Global government bonds sold off ahead of US jobs data that could show inflationary pressures are broadening and tip the Federal Reserve closer to reining in its pandemic-era monetary stimulus.
The yield on the 10-year US Treasury note, which tends to rise with expectations of inflation or interest rate increases that reduce the appeal of the fixed interest securities, added 0.03 percentage points to hit 1.6 per cent for the first time since early June. Bond yields move inversely to prices.
German and UK government debt prices also fell, while Europe’s Stoxx 600 equity benchmark dropped 0.3 per cent. London’s FTSE 100 traded flat.
Economists polled by Bloomberg expect the US government’s monthly non-farm payrolls report to show employers in the world’s largest economy hired 488,000 new workers in September, more than double the number recorded in the previous month.
Perceptions that current high rates of US inflation have peaked could be upended by a resurgence in hiring, accompanied by evidence that wages are rising, analyst said.
“Markets are still positioned for inflation being transitory,” said Sonja Laud, chief investment officer at Legal & General Investment Management, after headline US price rises topped 5 per cent for three consecutive months but could mostly be explained by supply chain disruptions related to Covid-19.
“Stronger labour market data could indicate structural [inflation] factors are becoming stickier,” she added.
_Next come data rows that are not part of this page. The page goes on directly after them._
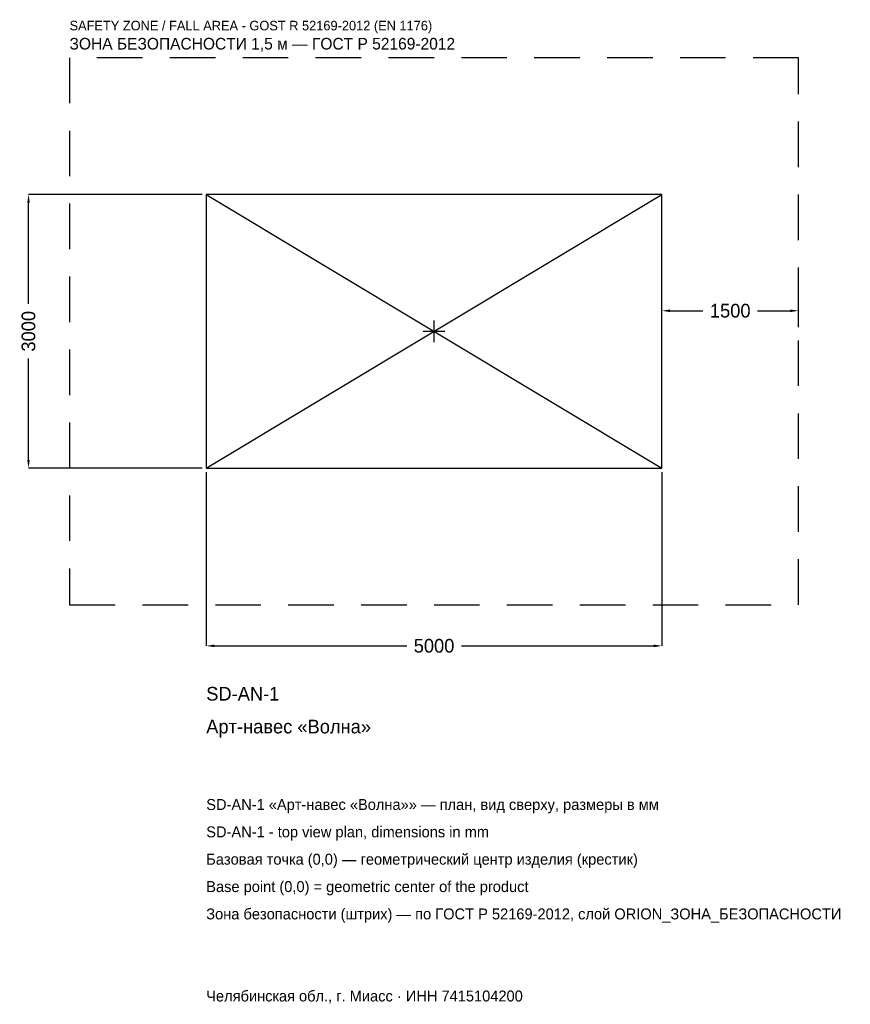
# Model space of a CAD drawing. Header units: metres. Extents: x -4547 to 4568, y -7381 to 3417.
import ezdxf

# ---------------------------------------------------------------- set-up
doc = ezdxf.new("R2010")
doc.units = ezdxf.units.M
doc.linetypes.add('DASHED', pattern=[800, 500, -300])
for name, color, linetype in [('ORION_ДАННЫЕ', 3, 'Continuous'), ('ORION_ЗОНА_БЕЗОПАСНОСТИ', 1, 'Continuous'), ('ORION_КОНТУР', 7, 'Continuous'), ('ORION_РАЗМЕРЫ', 8, 'Continuous')]:
    doc.layers.add(name, color=color, linetype=linetype)
doc.dimstyles.new('ORION', dxfattribs={"dimtxt": 150, "dimasz": 90, "dimexe": 1.25, "dimexo": 45, "dimtad": 1, "dimdec": 0, "dimcen": 2.5, "dimazin": 3, "dimtfac": 1, "dimtmove": 0, "dimatfit": 3, "dimarcsym": 0})

# ---------------------------------------------------------------- blocks, each defined once
blk = doc.blocks.new('_CLOSEDFILLED')
at = {"color": 0, "linetype": 'BYBLOCK'}
blk.add_solid([(-1, 0.16), (0, 0), (-1, -0.16)], dxfattribs=at)
blk = doc.blocks.new('*D1')
for p, q in [((-2500, -1545), (-2500, -3450)), ((2500, -1545), (2500, -3450)), ((-2410, -3450), (-300, -3450)), ((300, -3450), (2410, -3450))]:
    blk.add_line(p, q)
at = {"layer": 'Defpoints'}
for p in [(-2500, -1500), (2500, -1500), (-2500, -3450)]:
    blk.add_point(p, dxfattribs=at)
at = {"layer": 'ORION_РАЗМЕРЫ', "xscale": 90, "yscale": 90, "rotation": 180}
blk.add_blockref('_CLOSEDFILLED', (-2500, -3450), dxfattribs=at)
at = {"layer": 'ORION_РАЗМЕРЫ', "xscale": 90, "yscale": 90}
blk.add_blockref('_CLOSEDFILLED', (2500, -3450), dxfattribs=at)
at = {"layer": 'ORION_РАЗМЕРЫ', "insert": (0, -3450), "char_height": 150, "attachment_point": 5}
blk.add_mtext('5000', dxfattribs=at)
blk = doc.blocks.new('*D2')
for p, q in [((-2545, 1500), (-4450, 1500)), ((-4450, 300), (-4450, 1410)), ((-4450, -1410), (-4450, -300)), ((-2545, -1500), (-4450, -1500))]:
    blk.add_line(p, q)
at = {"layer": 'Defpoints'}
for p in [(-2500, 1500), (-4450, -1500), (-2500, -1500)]:
    blk.add_point(p, dxfattribs=at)
at = {"layer": 'ORION_РАЗМЕРЫ', "xscale": 90, "yscale": 90}
for p, rotation in [((-4450, 1500), 90), ((-4450, -1500), 270)]:
    blk.add_blockref('_CLOSEDFILLED', p, dxfattribs=dict(at, rotation=rotation))
at = {"layer": 'ORION_РАЗМЕРЫ', "insert": (-4450, 0), "char_height": 150, "attachment_point": 5, "rotation": 90}
blk.add_mtext('3000', dxfattribs=at)
blk = doc.blocks.new('*D3')
for p, q in [((2500, 45), (2500, 225)), ((2590, 225), (2950, 225)), ((3550, 225), (3910, 225)), ((4000, 45), (4000, 225))]:
    blk.add_line(p, q)
at = {"layer": 'Defpoints'}
for p in [(2500, 225), (2500, 0), (4000, 0)]:
    blk.add_point(p, dxfattribs=at)
at = {"layer": 'ORION_РАЗМЕРЫ', "xscale": 90, "yscale": 90, "rotation": 180}
blk.add_blockref('_CLOSEDFILLED', (2500, 225), dxfattribs=at)
at = {"layer": 'ORION_РАЗМЕРЫ', "xscale": 90, "yscale": 90}
blk.add_blockref('_CLOSEDFILLED', (4000, 225), dxfattribs=at)
at = {"layer": 'ORION_РАЗМЕРЫ', "insert": (3250, 225), "char_height": 150, "attachment_point": 5}
blk.add_mtext('1500', dxfattribs=at)
blk = doc.blocks.new('ОРИОН SD-AN-1 Арт-навес Волна')
at = {"layer": 'ORION_ЗОНА_БЕЗОПАСНОСТИ', "linetype": 'DASHED'}
blk.add_lwpolyline([(-4000, -3000), (4000, -3000), (4000, 3000), (-4000, 3000)], close=True, dxfattribs=at)
at = {"layer": 'ORION_КОНТУР'}
for p, q in [((-2500, -1500), (2500, 1500)), ((-2500, 1500), (2500, -1500))]:
    blk.add_line(p, q, dxfattribs=at)
blk.add_lwpolyline([(-2500, -1500), (2500, -1500), (2500, 1500), (-2500, 1500)], close=True, dxfattribs=at)
at = {"layer": 'ORION_РАЗМЕРЫ'}
for p, q in [((0, -120), (0, 120)), ((-120, 0), (120, 0))]:
    blk.add_line(p, q, dxfattribs=at)
at = {"layer": 'ORION_ДАННЫЕ'}
for tag, p in [('АРТИКУЛ', (-2500, -4050)), ('НАИМЕНОВАНИЕ', (-2500, -4410))]:
    blk.add_attdef(tag, p, '', height=150, dxfattribs=at)
at = {"layer": 'ORION_ДАННЫЕ', "flags": 1}
for tag, p in [('ПРОИЗВОДИТЕЛЬ', (-2500, -4770)), ('ТЕЛЕФОН', (-2500, -5130)), ('САЙТ', (-2500, -5850)), ('АДРЕС', (-2500, -6210)), ('РЕКВИЗИТЫ', (-2500, -6570)), ('ГАБАРИТЫ', (-2500, -6930)), ('ЗОНА_БЕЗОПАСНОСТИ', (-2500, -7290))]:
    blk.add_attdef(tag, p, '', height=150, dxfattribs=at)
at = {"layer": 'ORION_ЗОНА_БЕЗОПАСНОСТИ', "color": 1}
for s, height, p in [('SAFETY ZONE / FALL AREA - GOST R 52169-2012 (EN 1176)', 105, (-4000, 3300)), ('ЗОНА БЕЗОПАСНОСТИ 1,5 м — ГОСТ Р 52169-2012', 127.5, (-4000, 3090))]:
    blk.add_text(s, height=height, dxfattribs=at).set_placement(p)
at = {"layer": 'ORION_РАЗМЕРЫ'}
dim = blk.add_linear_dim(base=(-4450, -1500), p1=(-2500, -1500), p2=(-2500, 1500), angle=90, dimstyle='ORION', dxfattribs=at)
dim.commit()
dim.dimension.update_dxf_attribs({"geometry": '*D2', "text_midpoint": (-4450, 0)})
for base, p1, p2, picture, middle in [((2500, 225), (2500, 0), (4000, 0), '*D3', (3250, 225)), ((-2500, -3450), (-2500, -1500), (2500, -1500), '*D1', (0, -3450))]:
    dim = blk.add_linear_dim(base=base, p1=p1, p2=p2, dimstyle='ORION', dxfattribs=at)
    dim.commit()
    dim.dimension.update_dxf_attribs({"geometry": picture, "text_midpoint": middle})

msp = doc.modelspace()

# ---------------------------------------------------------------- block references
msp.add_blockref('ОРИОН SD-AN-1 Арт-навес Волна', (0, 0)).add_auto_attribs({'АРТИКУЛ': 'SD-AN-1', 'НАИМЕНОВАНИЕ': 'Арт-навес «Волна»'})

# ---------------------------------------------------------------- texts
at = {"layer": 'ORION_ДАННЫЕ', "color": 3}
for s, p in [('SD-AN-1 «Арт-навес «Волна»» — план, вид сверху, размеры в мм', (-2500, -5250)), ('SD-AN-1 - top view plan, dimensions in mm', (-2500, -5550)), ('Челябинская обл., г. Миасс · ИНН 7415104200', (-2500, -7350))]:
    msp.add_text(s, height=120, dxfattribs=at).set_placement(p)
at = {"layer": 'ORION_ДАННЫЕ', "color": 7}
for s, p in [('Базовая точка (0,0) — геометрический центр изделия (крестик)', (-2500, -5850)), ('Base point (0,0) = geometric center of the product', (-2500, -6150))]:
    msp.add_text(s, height=120, dxfattribs=at).set_placement(p)
at = {"layer": 'ORION_ДАННЫЕ', "color": 1}
msp.add_text('Зона безопасности (штрих) — по ГОСТ Р 52169-2012, слой ORION_ЗОНА_БЕЗОПАСНОСТИ', height=120, dxfattribs=at).set_placement((-2500, -6450))

doc.saveas('drawing.dxf')

The Fed has already signalled that it is moving towards reducing its $120bn of monthly debt purchases that have lowered borrowing costs and boosted equity markets since last March. Half of its policymakers have also predicted the central bank will raise interest rates from record lows next year.
The yield on Germanys’ 10-year Bund rose 0.04 percentage points to minus 0.153 per cent, its highest since late May. The UK’s 10-year gilt yield added 0.05 percentage points to 1.124 per cent.
The dollar index, which measures the US currency against six others, rose 0.1 per cent to a reading of 93.4, close to its highest point of the last year.
In Asia, stocks rallied as markets echoed activity on Wall Street in the previous session after US lawmakers agreed to lift the nation’s debt ceiling temporarily, and cheered better than expected Chinese economic data.
The S&P 500 closed 0.8 per cent higher on Thursday.
Japan’s Topix led the region with a rise of as much as 1.8 per cent before closing 0.9 per cent higher.
China’s CSI 300 index of Shenzhen and Shanghai-listed stocks reopened from a market holiday this week to rise 1.4 cent. A purchasing managers’ index produced by Caixin for the nation’s services sector, which collates executives’ responses to questions on topics including hiring and new orders, rose to a higher than expected 53.4 for September.
The reading, above the 50 threshold that separates expansion from contraction, indicated solid growth and helped alleviate expectations of another month of decline that had mounted during the market closure.
But new measures to boost Chinese coal production in the wake of an energy crunch and rolling blackouts weighed on coal prices and the shares in the country’s biggest listed miners.
Thermal coal futures trading in Zhengzhou opened almost 3 per cent higher on Friday but reversed course to swing down about 11 per cent after local media reported that energy officials in Inner Mongolia had raised local miners’ coal production capacity by 100m tonnes.
The CSI Coal index of listed Chinese miners fell as much as 5.5 per cent.